### Task:
The records below hold a stretch from the line with "(ASF) under one" through the line with "licenses this file"; return exactly those lines, ends included, and nothing more.
### Extracted records ###
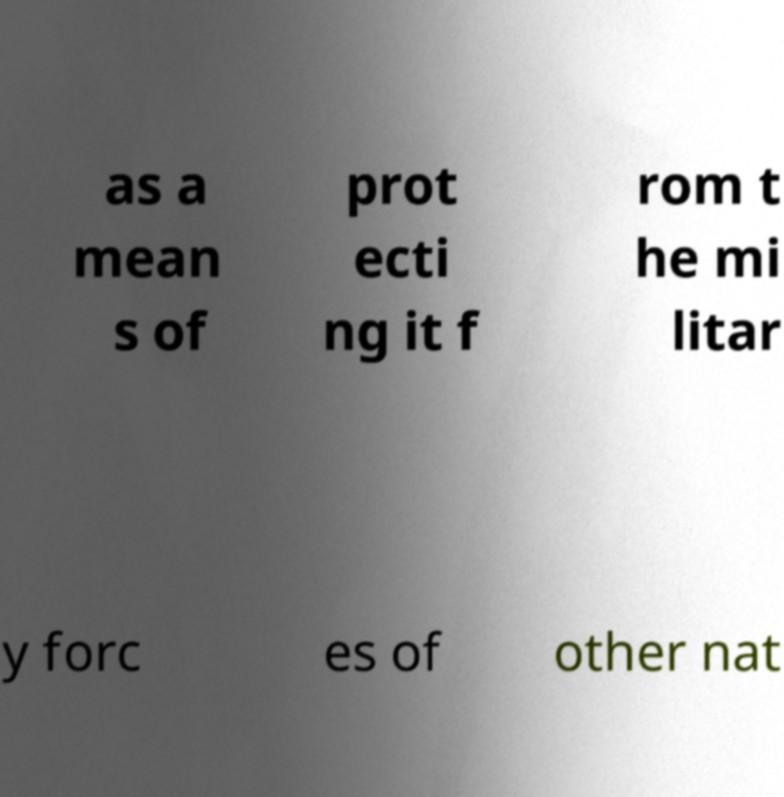Please identify and transcribe the text found in this image. as a mean s of prot ecti ng it f rom t he mi litar y forc es of other nat 
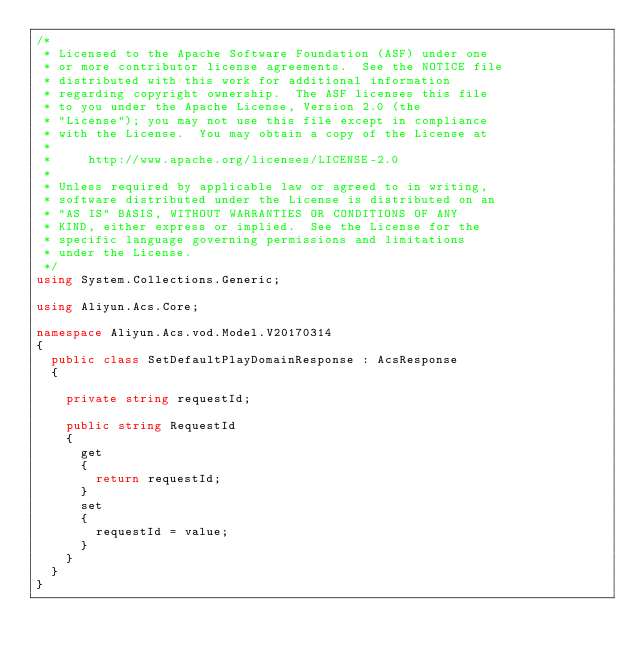<code> <loc_0><loc_0><loc_500><loc_500><_C#_>/*
 * Licensed to the Apache Software Foundation (ASF) under one
 * or more contributor license agreements.  See the NOTICE file
 * distributed with this work for additional information
 * regarding copyright ownership.  The ASF licenses this file
 * to you under the Apache License, Version 2.0 (the
 * "License"); you may not use this file except in compliance
 * with the License.  You may obtain a copy of the License at
 *
 *     http://www.apache.org/licenses/LICENSE-2.0
 *
 * Unless required by applicable law or agreed to in writing,
 * software distributed under the License is distributed on an
 * "AS IS" BASIS, WITHOUT WARRANTIES OR CONDITIONS OF ANY
 * KIND, either express or implied.  See the License for the
 * specific language governing permissions and limitations
 * under the License.
 */
using System.Collections.Generic;

using Aliyun.Acs.Core;

namespace Aliyun.Acs.vod.Model.V20170314
{
	public class SetDefaultPlayDomainResponse : AcsResponse
	{

		private string requestId;

		public string RequestId
		{
			get
			{
				return requestId;
			}
			set	
			{
				requestId = value;
			}
		}
	}
}
</code> 
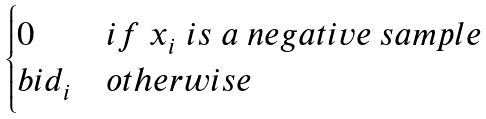Convert formula to latex. <formula><loc_0><loc_0><loc_500><loc_500>\begin{cases} 0 & i f \ x _ { i } \ i s \ a \ n e g a t i v e \ s a m p l e \\ b i d _ { i } & o t h e r w i s e \end{cases}</formula>
###
### Solution:
 * Licensed to the Apache Software Foundation (ASF) under one
 * or more contributor license agreements.  See the NOTICE file
 * distributed with this work for additional information
 * regarding copyright ownership.  The ASF licenses this file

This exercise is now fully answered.